● **GIVEN INFORMATION**:
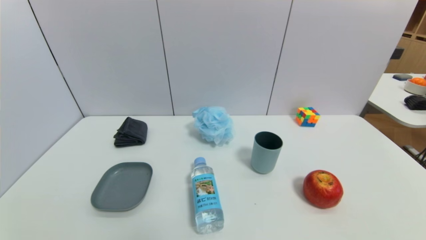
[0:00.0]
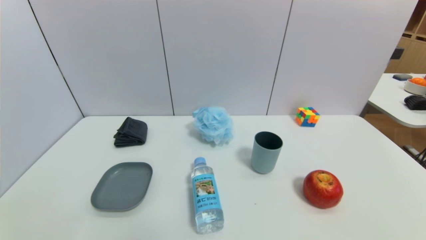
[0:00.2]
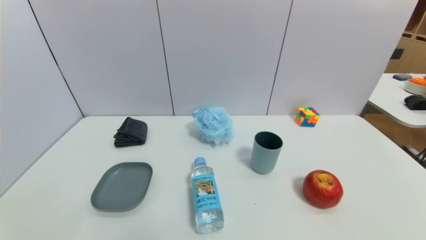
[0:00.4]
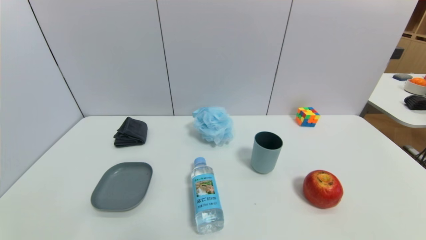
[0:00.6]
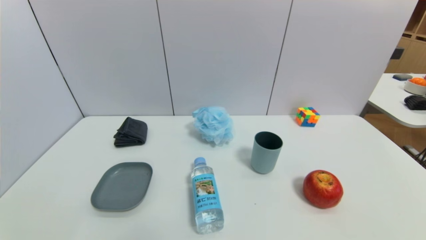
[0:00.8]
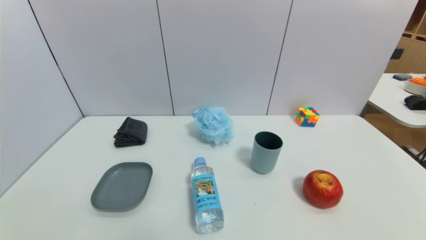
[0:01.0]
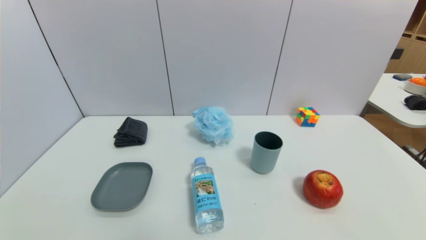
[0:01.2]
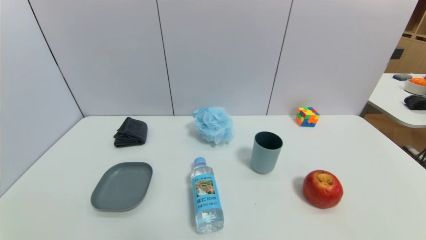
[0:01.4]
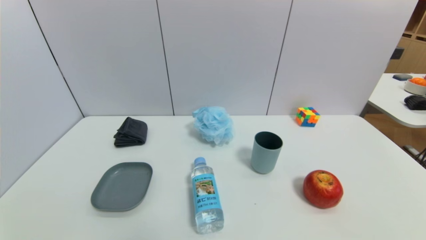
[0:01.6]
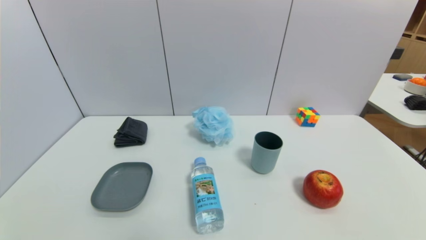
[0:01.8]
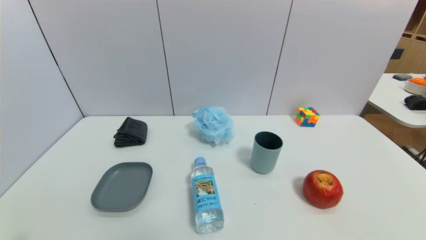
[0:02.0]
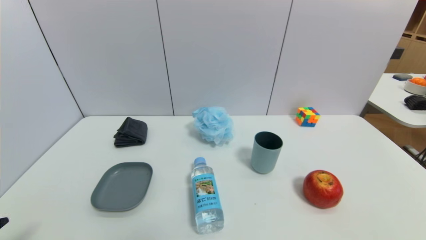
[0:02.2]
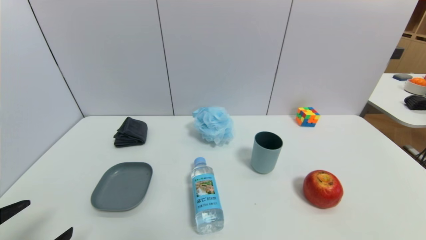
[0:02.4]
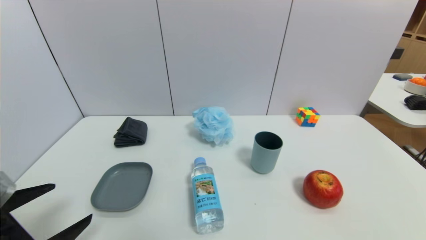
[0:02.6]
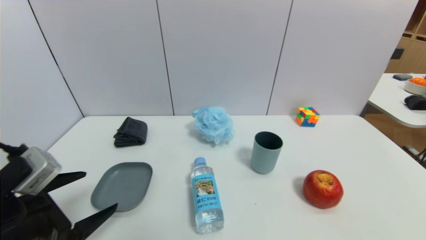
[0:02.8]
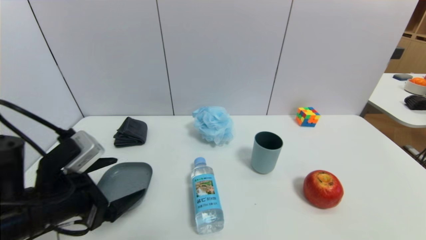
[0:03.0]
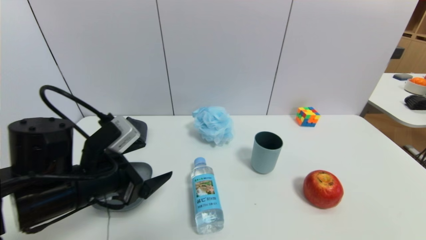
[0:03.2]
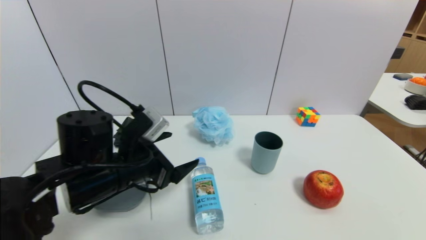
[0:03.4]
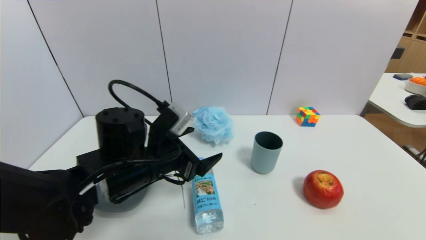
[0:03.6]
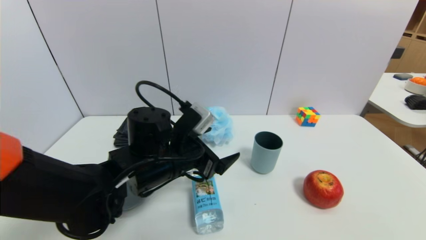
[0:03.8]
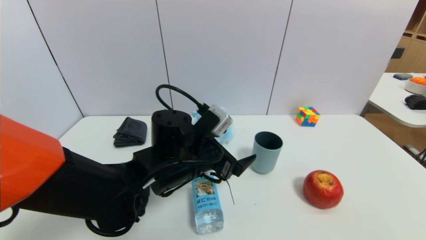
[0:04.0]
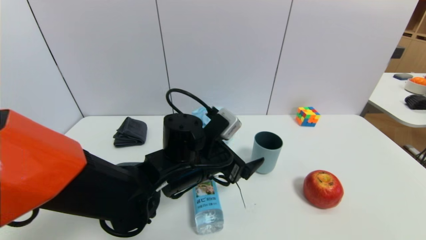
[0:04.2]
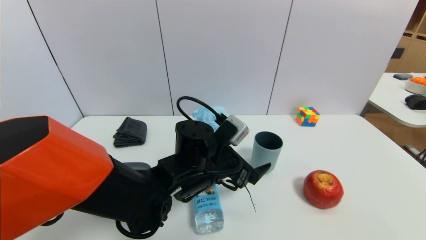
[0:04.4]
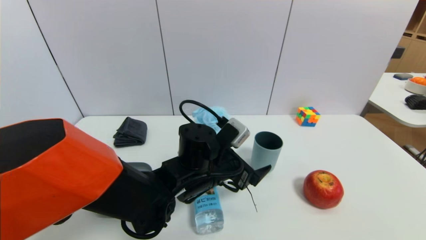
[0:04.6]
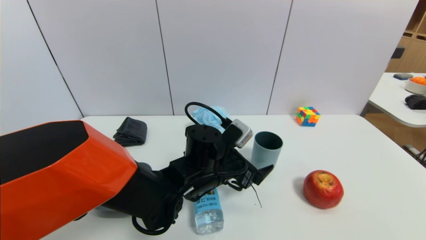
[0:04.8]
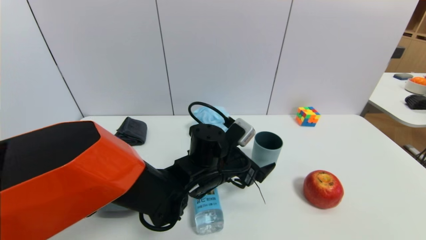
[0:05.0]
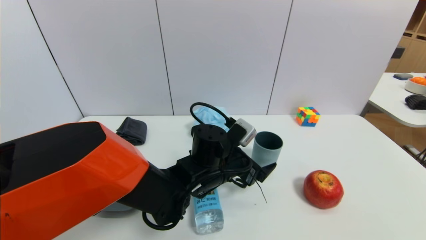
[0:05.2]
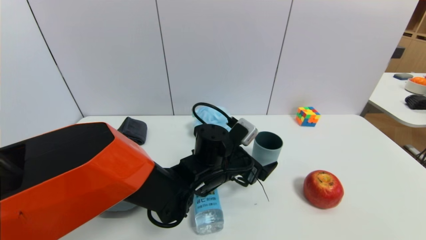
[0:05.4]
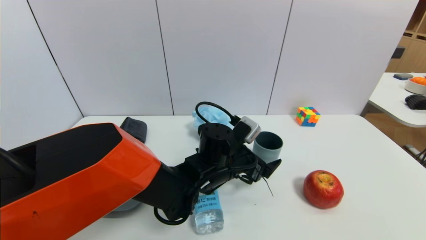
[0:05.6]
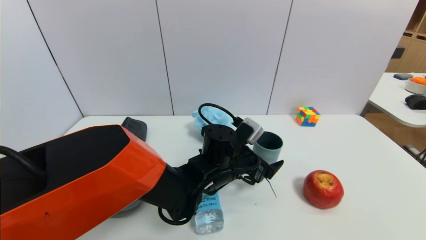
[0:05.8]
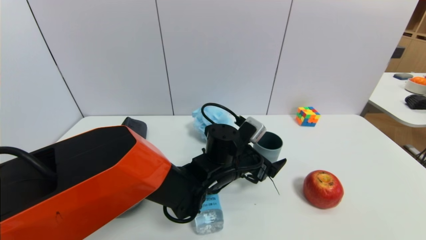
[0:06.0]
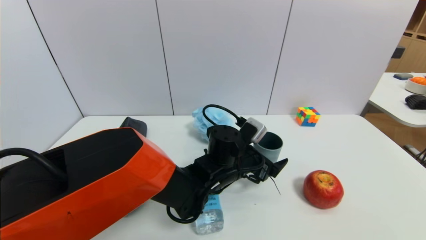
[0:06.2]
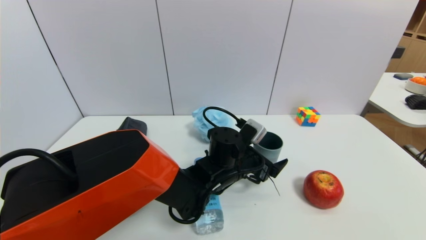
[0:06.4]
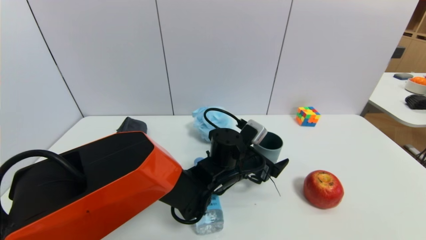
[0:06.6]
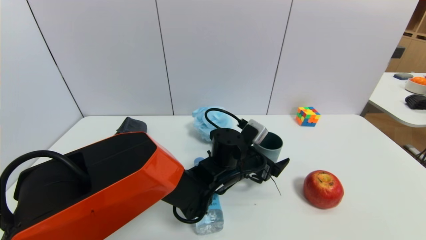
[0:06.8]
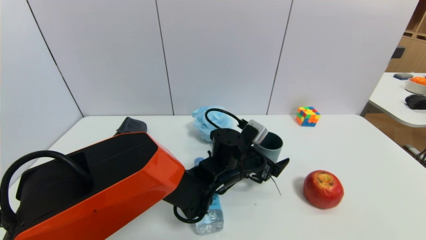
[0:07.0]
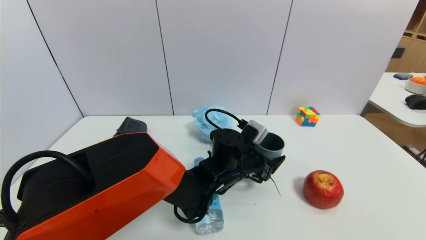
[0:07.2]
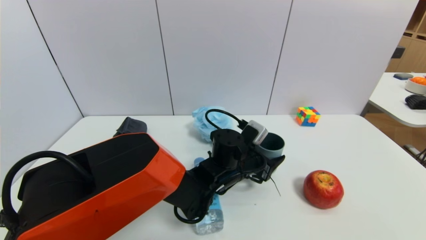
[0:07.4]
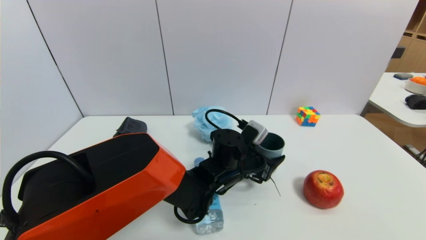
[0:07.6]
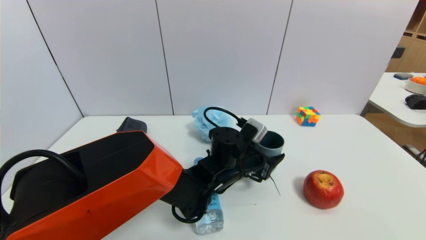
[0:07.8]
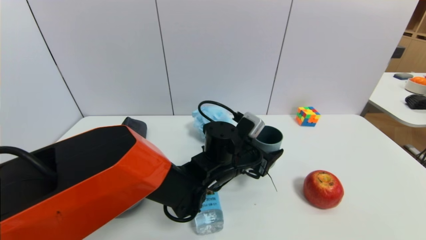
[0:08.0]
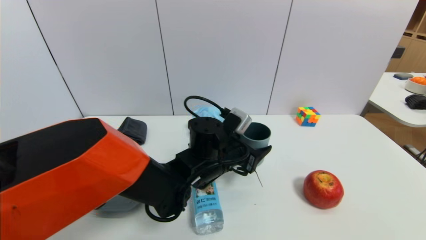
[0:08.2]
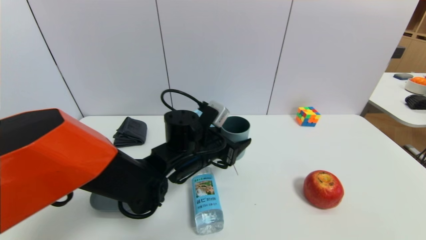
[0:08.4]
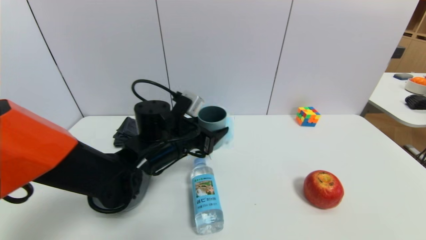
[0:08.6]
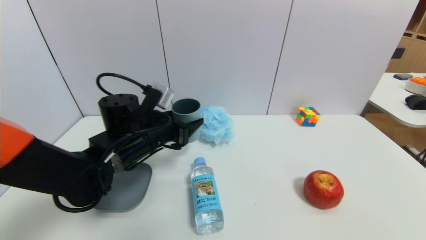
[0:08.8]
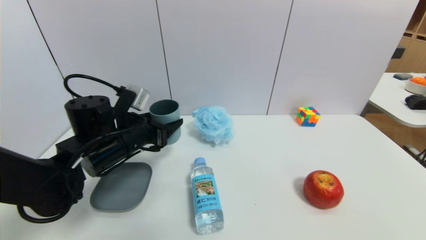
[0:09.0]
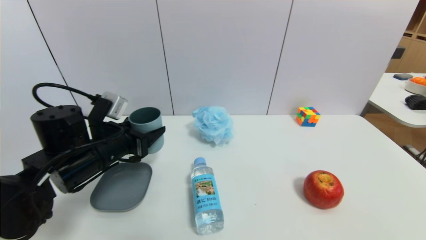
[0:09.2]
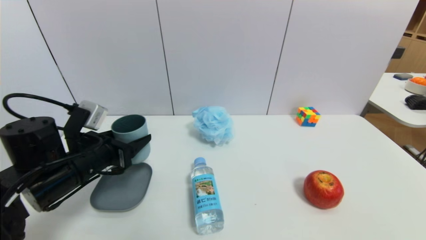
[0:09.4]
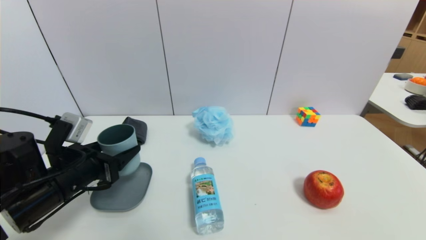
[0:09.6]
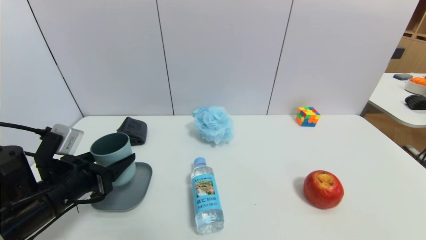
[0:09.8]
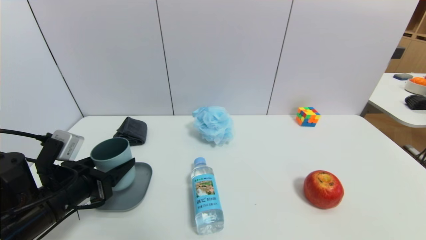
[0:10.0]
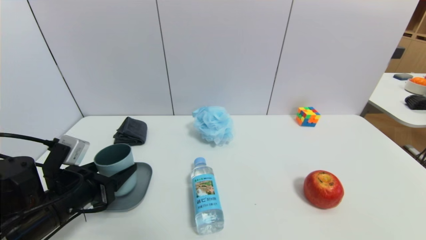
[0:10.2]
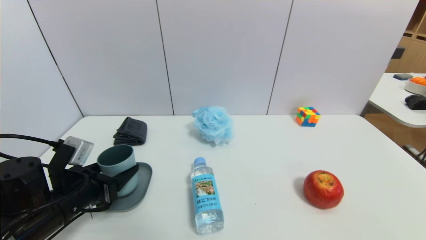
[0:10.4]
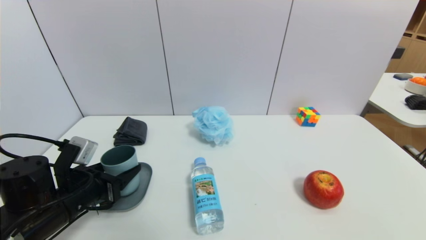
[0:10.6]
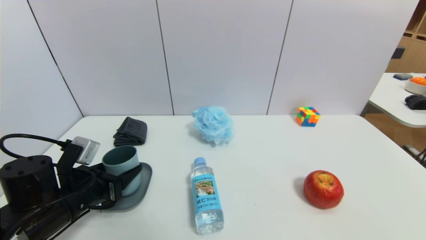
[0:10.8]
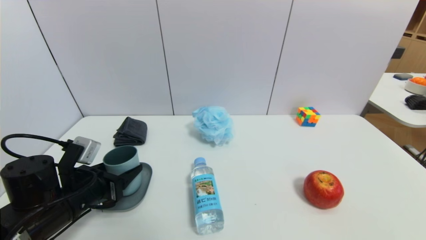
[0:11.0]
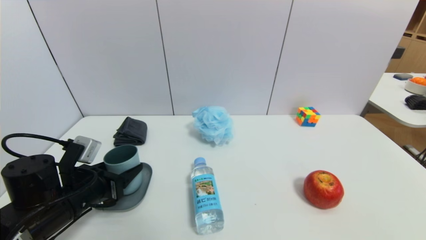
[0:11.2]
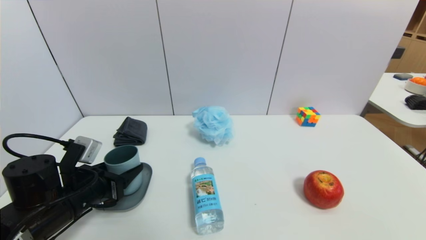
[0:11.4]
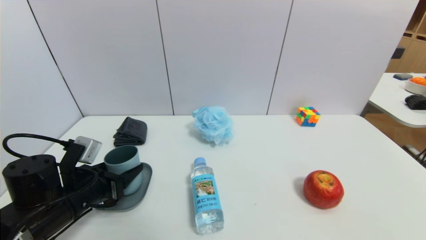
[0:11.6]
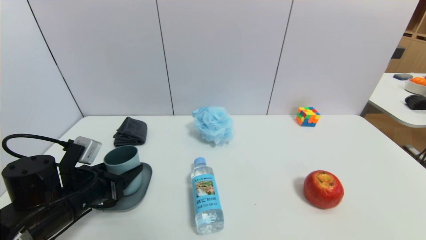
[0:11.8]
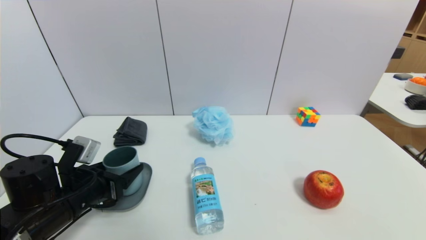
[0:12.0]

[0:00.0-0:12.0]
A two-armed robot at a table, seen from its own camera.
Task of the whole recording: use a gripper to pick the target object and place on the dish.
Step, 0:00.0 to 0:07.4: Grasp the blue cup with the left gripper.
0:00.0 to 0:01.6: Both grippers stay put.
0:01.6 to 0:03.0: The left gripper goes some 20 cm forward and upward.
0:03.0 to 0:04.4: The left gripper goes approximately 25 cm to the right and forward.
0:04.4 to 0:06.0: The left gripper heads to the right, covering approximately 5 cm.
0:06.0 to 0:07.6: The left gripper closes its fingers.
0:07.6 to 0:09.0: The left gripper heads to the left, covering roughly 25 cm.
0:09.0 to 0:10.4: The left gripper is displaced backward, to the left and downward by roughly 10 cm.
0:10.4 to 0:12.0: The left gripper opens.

● **THE TASK**:
Every line above should be returned word for word, with the pictures left behind.

● **ANSWER BOX**:
[0:00.0]
[0:00.2]
[0:00.4]
[0:00.6]
[0:00.8]
[0:01.0]
[0:01.2]
[0:01.4]
[0:01.6]
[0:01.8]
[0:02.0]
[0:02.2]
[0:02.4]
[0:02.6]
[0:02.8]
[0:03.0]
[0:03.2]
[0:03.4]
[0:03.6]
[0:03.8]
[0:04.0]
[0:04.2]
[0:04.4]
[0:04.6]
[0:04.8]
[0:05.0]
[0:05.2]
[0:05.4]
[0:05.6]
[0:05.8]
[0:06.0]
[0:06.2]
[0:06.4]
[0:06.6]
[0:06.8]
[0:07.0]
[0:07.2]
[0:07.4]
[0:07.6]
[0:07.8]
[0:08.0]
[0:08.2]
[0:08.4]
[0:08.6]
[0:08.8]
[0:09.0]
[0:09.2]
[0:09.4]
[0:09.6]
[0:09.8]
[0:10.0]
[0:10.2]
[0:10.4]
[0:10.6]
[0:10.8]
[0:11.0]
[0:11.2]
[0:11.4]
[0:11.6]
[0:11.8]
[0:12.0]

[0:00.0-0:12.0]
A two-armed robot at a table, seen from its own camera.
Task of the whole recording: use a gripper to pick the target object and place on the dish.
Step, 0:00.0 to 0:07.4: Grasp the blue cup with the left gripper.
0:00.0 to 0:01.6: Both grippers stay put.
0:01.6 to 0:03.0: The left gripper goes some 20 cm forward and upward.
0:03.0 to 0:04.4: The left gripper goes approximately 25 cm to the right and forward.
0:04.4 to 0:06.0: The left gripper heads to the right, covering approximately 5 cm.
0:06.0 to 0:07.6: The left gripper closes its fingers.
0:07.6 to 0:09.0: The left gripper heads to the left, covering roughly 25 cm.
0:09.0 to 0:10.4: The left gripper is displaced backward, to the left and downward by roughly 10 cm.
0:10.4 to 0:12.0: The left gripper opens.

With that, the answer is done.